Aim of the exercise: Verbatim reproduction of the entries is required; images must be omitted.

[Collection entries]
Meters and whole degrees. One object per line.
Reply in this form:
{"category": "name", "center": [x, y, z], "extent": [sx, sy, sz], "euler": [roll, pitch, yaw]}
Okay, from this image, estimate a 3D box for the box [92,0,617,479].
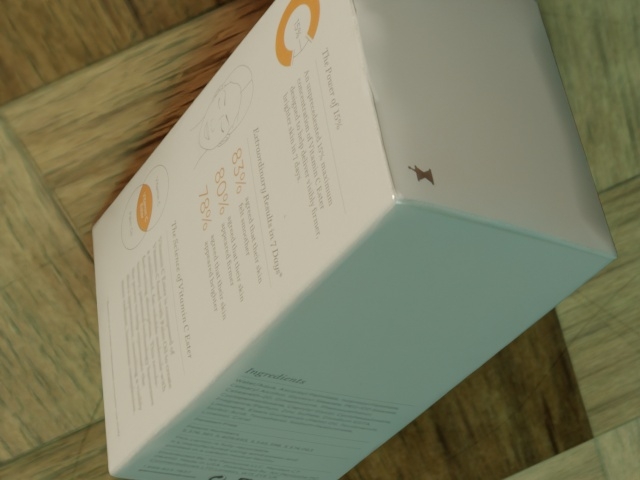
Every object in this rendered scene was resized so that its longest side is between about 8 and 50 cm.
{"category": "box", "center": [0.000, 0.000, 0.946], "extent": [0.168, 0.215, 0.345], "euler": [14, 140, -31]}
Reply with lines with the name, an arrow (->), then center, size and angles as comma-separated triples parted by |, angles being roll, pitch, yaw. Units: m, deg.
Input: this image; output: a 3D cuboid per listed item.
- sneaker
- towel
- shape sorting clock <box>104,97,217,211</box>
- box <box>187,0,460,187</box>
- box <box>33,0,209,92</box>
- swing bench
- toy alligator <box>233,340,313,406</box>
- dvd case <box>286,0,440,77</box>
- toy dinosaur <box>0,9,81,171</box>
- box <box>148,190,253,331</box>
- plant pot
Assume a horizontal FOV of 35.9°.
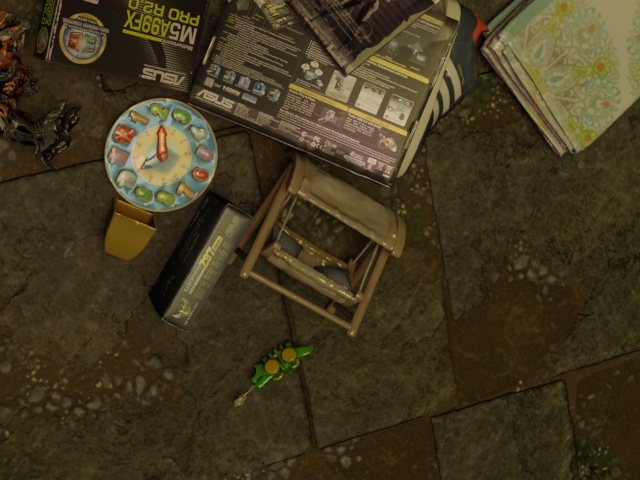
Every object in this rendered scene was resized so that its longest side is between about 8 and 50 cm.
sneaker -> 0.224, -0.275, 1.879 | 0.148, 0.131, 0.350 | 14, 103, -34
towel -> 0.529, -0.397, 1.972 | 0.374, 0.090, 0.320 | -43, 112, -6
shape sorting clock -> -0.285, -0.153, 1.781 | 0.206, 0.040, 0.206 | -3, 101, -17
box -> 0.004, -0.311, 1.752 | 0.395, 0.097, 0.318 | 22, 95, 1
box -> -0.321, -0.378, 1.642 | 0.270, 0.060, 0.216 | 8, 100, -39
swing bench -> 0.000, 0.000, 1.834 | 0.253, 0.165, 0.254 | 30, 90, -20
toy alligator -> -0.101, 0.246, 1.910 | 0.190, 0.056, 0.051 | -35, 66, -7
dvd case -> 0.077, -0.411, 1.694 | 0.221, 0.018, 0.164 | -39, 88, 1
toy dinosaur -> -0.532, -0.212, 1.662 | 0.218, 0.164, 0.321 | 17, 113, -5
box -> -0.217, 0.032, 1.761 | 0.059, 0.183, 0.232 | 29, 91, -20
plant pot -> -0.348, -0.013, 1.769 | 0.082, 0.081, 0.083 | 23, 104, -20
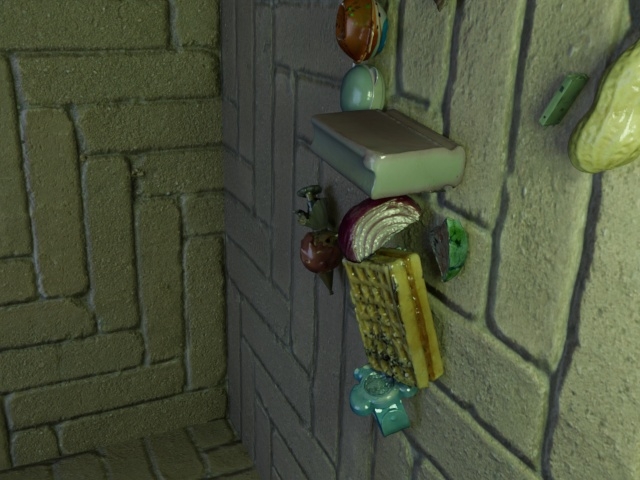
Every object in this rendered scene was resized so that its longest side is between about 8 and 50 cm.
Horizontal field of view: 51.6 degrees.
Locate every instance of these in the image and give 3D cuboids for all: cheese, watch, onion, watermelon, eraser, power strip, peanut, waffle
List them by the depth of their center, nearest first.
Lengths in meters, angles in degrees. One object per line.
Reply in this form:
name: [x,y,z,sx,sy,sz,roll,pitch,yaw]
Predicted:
peanut: [0.514,-0.218,1.117,0.123,0.124,0.256,62,145,40]
power strip: [0.467,-0.267,1.285,0.019,0.051,0.136,59,149,30]
watermelon: [0.326,0.005,1.679,0.139,0.071,0.187,-121,24,-56]
eraser: [0.164,-0.237,1.712,0.359,0.272,0.122,-133,42,-55]
onion: [0.135,-0.070,1.856,0.111,0.250,0.247,48,-175,-24]
waffle: [0.198,0.208,1.859,0.261,0.114,0.376,9,117,57]
cheese: [0.107,-0.631,1.916,0.329,0.129,0.216,-110,26,-57]
watch: [0.195,0.486,2.013,0.211,0.211,0.193,51,163,51]

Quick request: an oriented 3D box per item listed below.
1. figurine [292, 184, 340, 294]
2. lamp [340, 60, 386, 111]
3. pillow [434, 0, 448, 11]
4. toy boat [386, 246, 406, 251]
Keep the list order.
figurine: [0.000,0.000,2.330,0.207,0.166,0.386,24,-128,-77]
lamp: [0.114,-0.416,1.985,0.179,0.108,0.246,-121,32,-51]
pillow: [0.280,-0.672,1.601,0.135,0.049,0.248,110,149,-45]
toy boat: [0.239,0.097,1.911,0.069,0.059,0.172,-26,79,66]
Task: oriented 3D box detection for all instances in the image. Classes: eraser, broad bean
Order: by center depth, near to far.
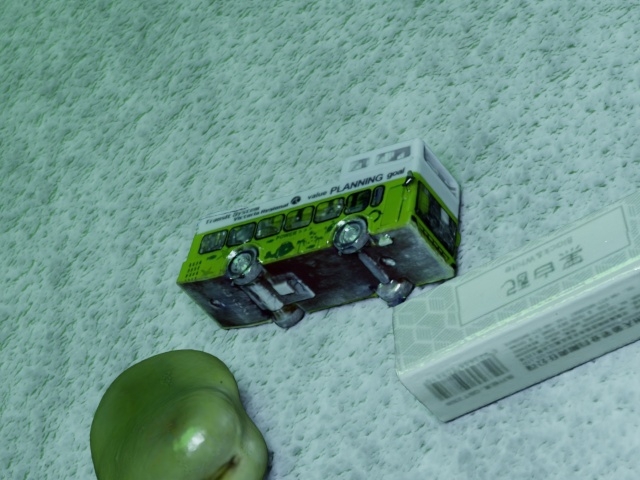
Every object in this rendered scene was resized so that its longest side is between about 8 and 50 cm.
[{"bbox_3d":[0.259,0.036,1.793,0.404,0.098,0.096,-26,43,20],"label":"eraser"},{"bbox_3d":[-0.151,0.206,1.994,0.189,0.121,0.263,-52,25,-2],"label":"broad bean"}]

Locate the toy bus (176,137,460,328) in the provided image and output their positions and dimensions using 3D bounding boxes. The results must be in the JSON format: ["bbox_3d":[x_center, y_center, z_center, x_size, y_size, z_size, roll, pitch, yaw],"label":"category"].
[{"bbox_3d":[0.000,0.000,2.038,0.301,0.113,0.139,-15,44,32],"label":"toy bus"}]

Answer to this task:
Meters and whole degrees. One object per line.
Reply in this form:
{"category": "name", "center": [x, y, z], "extent": [sx, sy, sz], "euler": [roll, pitch, yaw]}
Okay, from this image, estimate a 3D box for the box [92,0,617,479].
Every object in this rendered scene was resized so that its longest side is between about 8 and 50 cm.
{"category": "box", "center": [0.000, 0.000, 0.946], "extent": [0.168, 0.215, 0.345], "euler": [14, 140, -31]}
Reply with lines with the name, an arrow (->), then center, size and angles as comma-separated triples parted by |, angles being roll, pitch, yaw. Units: m, deg.
Input: this image; output: a 3D cuboid per listed item.
- sneaker
- towel
- shape sorting clock <box>104,97,217,211</box>
- box <box>187,0,460,187</box>
- box <box>33,0,209,92</box>
- swing bench
- toy alligator <box>233,340,313,406</box>
- dvd case <box>286,0,440,77</box>
- toy dinosaur <box>0,9,81,171</box>
- box <box>148,190,253,331</box>
- plant pot
Assume a horizontal FOV of 35.9°.
Every object in this rendered scene was resized so that its longest side is between about 8 and 50 cm.
sneaker -> 0.224, -0.275, 1.879 | 0.148, 0.131, 0.350 | 14, 103, -34
towel -> 0.529, -0.397, 1.972 | 0.374, 0.090, 0.320 | -43, 112, -6
shape sorting clock -> -0.285, -0.153, 1.781 | 0.206, 0.040, 0.206 | -3, 101, -17
box -> 0.004, -0.311, 1.752 | 0.395, 0.097, 0.318 | 22, 95, 1
box -> -0.321, -0.378, 1.642 | 0.270, 0.060, 0.216 | 8, 100, -39
swing bench -> 0.000, 0.000, 1.834 | 0.253, 0.165, 0.254 | 30, 90, -20
toy alligator -> -0.101, 0.246, 1.910 | 0.190, 0.056, 0.051 | -35, 66, -7
dvd case -> 0.077, -0.411, 1.694 | 0.221, 0.018, 0.164 | -39, 88, 1
toy dinosaur -> -0.532, -0.212, 1.662 | 0.218, 0.164, 0.321 | 17, 113, -5
box -> -0.217, 0.032, 1.761 | 0.059, 0.183, 0.232 | 29, 91, -20
plant pot -> -0.348, -0.013, 1.769 | 0.082, 0.081, 0.083 | 23, 104, -20
Every object in this rendered scene was resized so that its longest side is between about 8 and 50 cm.
Horizontal field of view: 51.6 degrees.
Locate every instance of these in the image and give 3D cuboids for all: cheese, watch, onion, watermelon, eraser, power strip, peanut, waffle
List them by the depth of their center, nearest first.
Lengths in meters, angles in degrees. One object per line.
Reply in this form:
name: [x,y,z,sx,sy,sz,roll,pitch,yaw]
Predicted:
peanut: [0.514,-0.218,1.117,0.123,0.124,0.256,62,145,40]
power strip: [0.467,-0.267,1.285,0.019,0.051,0.136,59,149,30]
watermelon: [0.326,0.005,1.679,0.139,0.071,0.187,-121,24,-56]
eraser: [0.164,-0.237,1.712,0.359,0.272,0.122,-133,42,-55]
onion: [0.135,-0.070,1.856,0.111,0.250,0.247,48,-175,-24]
waffle: [0.198,0.208,1.859,0.261,0.114,0.376,9,117,57]
cheese: [0.107,-0.631,1.916,0.329,0.129,0.216,-110,26,-57]
watch: [0.195,0.486,2.013,0.211,0.211,0.193,51,163,51]

Quick request: an oriented 3D box per item listed below.
1. figurine [292, 184, 340, 294]
2. lamp [340, 60, 386, 111]
3. pillow [434, 0, 448, 11]
4. toy boat [386, 246, 406, 251]
Keep the list order.
figurine: [0.000,0.000,2.330,0.207,0.166,0.386,24,-128,-77]
lamp: [0.114,-0.416,1.985,0.179,0.108,0.246,-121,32,-51]
pillow: [0.280,-0.672,1.601,0.135,0.049,0.248,110,149,-45]
toy boat: [0.239,0.097,1.911,0.069,0.059,0.172,-26,79,66]
Task: oriented 3D box detection for all instances in the image. Classes: eraser, broad bean
Order: by center depth, near to far.
Every object in this rendered scene was resized so that its longest side is between about 8 and 50 cm.
[{"bbox_3d":[0.259,0.036,1.793,0.404,0.098,0.096,-26,43,20],"label":"eraser"},{"bbox_3d":[-0.151,0.206,1.994,0.189,0.121,0.263,-52,25,-2],"label":"broad bean"}]

Locate the toy bus (176,137,460,328) in the provided image and output their positions and dimensions using 3D bounding boxes. The results must be in the JSON format: ["bbox_3d":[x_center, y_center, z_center, x_size, y_size, z_size, roll, pitch, yaw],"label":"category"].
[{"bbox_3d":[0.000,0.000,2.038,0.301,0.113,0.139,-15,44,32],"label":"toy bus"}]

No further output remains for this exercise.